Making a connection

Harmonica wizard of J. Geils Band fame teams up with Shun Ng

By MIKE COTE
Union Leader Staff
June 03. 2015 2:26PM
If you go...
WHO: Magic Dick and Sun Ng

WHEN: 8 p.m. Sunday

WHERE: Portsmouth Book and Bar, 40 Pleasant St., Portsmouth

TICKETS: $20

INFO: 427-9197; bookandbar.com

While there’s nearly a half-century between their birth dates, harmonica player Magic Dick knew he found a musical soulmate when he met guitarist and singer Shun Ng.

It was hardly a chance meeting. The long-time member of Boston’s legendary J. Geils Band was stunned when he heard Ng’s 2012 debut CD “Funky Thumb Stuff” and saw some of his videos on YouTube. Magic Dick (aka Richard Salwitz) loved all the space he heard in Ng’s finger-style acoustic guitar playing. And he had ideas about how he could fill some of it.

“I was immediately taken by his arranging, his composing and more particularly by his performance, his uncanny ability to play and sing the way he does and the amount of space he leaves in his compositions and his playing, ” said Dick, who performs with Ng on Sunday at the Book and Bar in Portsmouth.

Shun Ng

Shun was born in Chicago but raised in Singapore. He returned to the United States a few years ago via a scholarship to the Berklee College of Music, where he studied for two semesters before leaving to work as a full-time musician. The guitarist is known for his frenetic fingerwork, thumb-plucked bass lines, and making every note count. Including the ones he doesn’t play.

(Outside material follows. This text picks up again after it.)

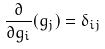Convert formula to latex. <formula><loc_0><loc_0><loc_500><loc_500>\frac { \partial } { \partial g _ { i } } ( g _ { j } ) = \delta _ { i j }</formula> 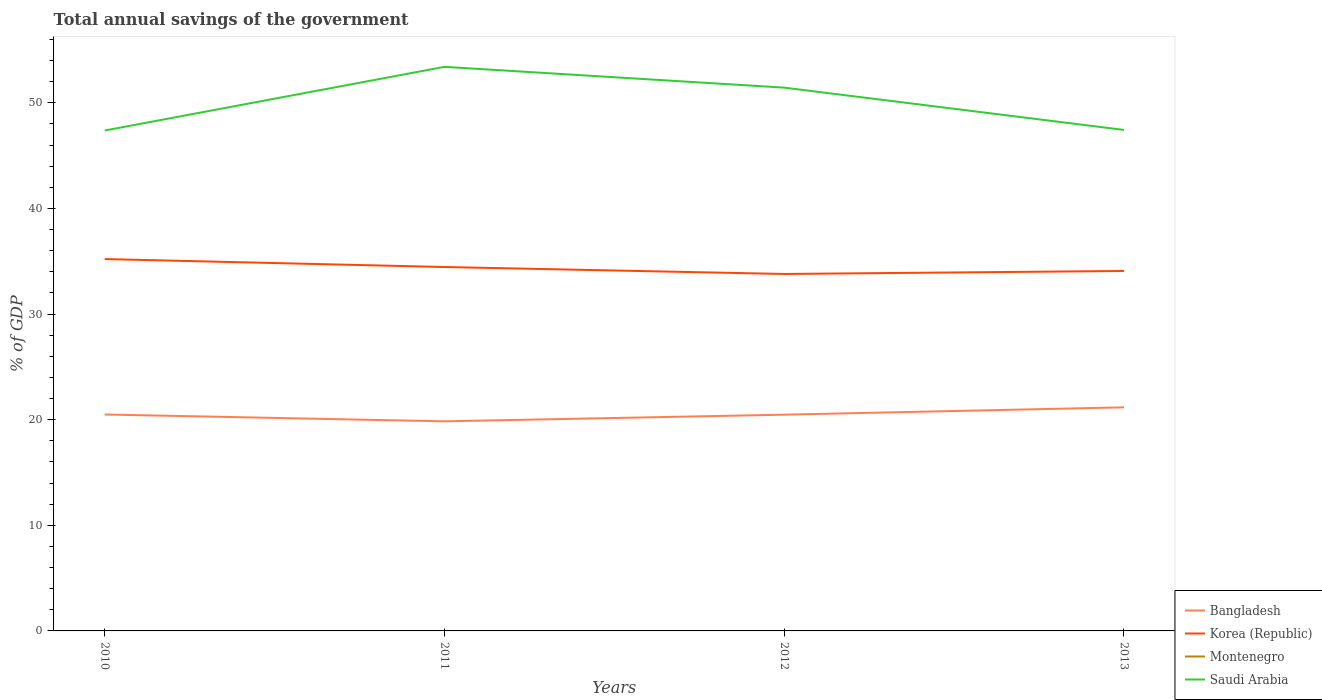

“The fact that there’s this space makes a huge difference to me and to my desire to want to do this with Shun because the moment I recognized that space, I thought, ‘Ah.’ I could hear harmonica there in what he was doing,” Dick said this week from his home outside Boston.

So Dick sought out Ng, who also is based in the Boston area, and the two connected during an initial meeting that lasted more than three hours. Thus began a musical partnership just beginning to take off.

The Book and Bar gig is the latest in only about a half-dozen shows they’ve booked since beginning their collaboration. The only recorded evidence to date is a year-old YouTube video of Dick and Ng performing James Brown’s “Papa’s Got a Brand New Bag.”

But it’s a stunner. The call-and-response guitar-harmonica workout starts off bluesy before going full-throttle funk. It’s the work of two men pulling off the parlor trick of sounding like a full band, thanks to Ng’s percussive guitar work, Dick’s rhythmic harmonica style and notes both played and suggested.

The guitar-harmonica duo has a rich history in the blues. Magic Dick, 70, and Shun Ng, 25, aim to take that tradition in another dimension, Dick says, though the blues underlies everything they do.

“I think that’s the primary thing about what Shun and I are doing. We’re doing new stuff. We’re doing an old format — meaning two players — in a very new way,” he said. “What people hear ... is somewhat startling because of its freshness, its conception musically, which, again, is an outgrowth of our love for minimalism.”

That freshness brings newfound inspiration to Dick, who continues to work with the J. Geils Band. While the reunited group still performs — an Aug. 23 show is scheduled at the Hampton Beach Casino Ballroom — they haven’t recorded a new album since breaking up more than 30 years ago.

Magic Dick

Dick helped bring the J. Geils Band to prominence in its ‘70s heyday with the instrumental “Whammer Jammer,” and his solos were featured prominently in the R&B-based hits “(Ain’t Nothin’ But A) House Party,” “Lookin’ for a Love” and “Give it to Me.” Dick, whose first instrument was the trumpet, convinced the band in 1977 to cover Louis Armstrong’s “I’m Not Rough,” in which he transcribed Armstrong’s cornet parts for harmonica.

With J. Geils, Dick is a featured player, but with Shun, he has a much bigger role.

“There is a huge difference for me, just from a workload point of view, in terms of what I play in the show. There’s just a lot more playing to be done when I work with Shun because it’s just the two us,” he said.

“But it’s not that it’s just the two of us because that’s how it happens to work out; it’s just the two of us by design.”